Gianni Del Buono, Federica Del Buono e Rossella Gramola (foto Colombo e archivio FIDAL)
Una morale prima ancora di cominciare: si può nascere con geni di qualità extra e non rinverdire la tradizione di famiglia, il repertorio che proprio in questo periodo viene offerto da Federica Del Buono, figlia di Gianni e di Rossella Gramola, dotata di forte personalità (dal titolo mediterraneo under 23 all’europeo per nazioni il passo è stato rapidissimo) e già in grado di strappare a mamma i record di famiglia su 800 e 1500. Un particolare non di poco conto a favore di Fede: per lei, padre e madre cresciuti nella corsa, rimasti in questo nostro mondo, allenatori. La madre di Matti non aveva alcun interesse per l’atletica e fece di tutto perché il figlio si dedicasse ad altro e lo stesso giovanotto confessò che del padre ammirava soprattutto le capacità affaristiche. C’è qualcosa di legato alla Finlandia anche nella vita in pista di Del Buono: quando nel ’72 diede una violentissima scossa al record italiano dei 5000 (dal 13’40” di Francesco Arese a un 13’22”4 di dimensione assoluta: il record del mondo era 13’16”4 di Lasse Viren) si lasciò alle spalle Juha Vaatainen, il basettuto che con due stordenti volate aveva messo le mani sui titoli europei di 5000 e 10000 assestando una svolta a una certa monotonia che a quel tempo gravava sulle distanze lunghe.

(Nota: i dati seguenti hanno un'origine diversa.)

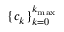Convert formula to latex. <formula><loc_0><loc_0><loc_500><loc_500>\{ c _ { k } \} _ { k = 0 } ^ { k _ { \max } }</formula>

Eddy e Laurent Ottoz (foto Colombo e archivio FIDAL)
Non c’è dubbio che se in campo italiano il più grande trasmettitore di doti legate alla stirpe sia stato Eddy Ottoz (per merito suo e di Laurent il record italiano dei 110hs è stato in mano per 38 anni alla famiglia valdostana che poteva contare anche su Patrick e Pilar), il primato in campo mondiale va attribuito a Yuri Sedykh. Primo matrimonio con la bella Liudmila Kondratieva, russa d’Oriente, oro nei 100 a Mosca ’80, i Giochi che Yuri aveva preso a martellate con il secondo dei suoi cinque record del mondo. Nell’85 nacque Oksana che, con il nome della madre, appare al settimo posto, con 77,13, nella lista all time del lancio amato da papà. Dopo il divorzio, secondo matrimonio, ancora con una campionessa olimpica ma di altra stazza, Natalya Lisovskaya, originaria della repubblica di Bashkiria. Dopo il trasferimento in Francia della coppia, nasce Alexia che tra il peso lanciato dalla madre e quello legato a un filo preferito da papà, ha scelto il secondo. Con il titolo olimpico giovanile conquistato a Singapore nel 2010. Yuri, di radice ucraina, e Natalya costituiscono l’unica coppia di primatisti mondiali con record ancora in corso legale. Anche Sergei Litvinov, spesso frettolosamente etichettato come eterno secondo, non scherza. Il figlio (Sergei anche lui: scarsa fantasia…) ha seguito le stesse orme senza però riuscire a metter le mani sul record di famiglia che rimane con 86,04 a Litvinov senior. Ma anche Litvinov junior non è male: 80.98.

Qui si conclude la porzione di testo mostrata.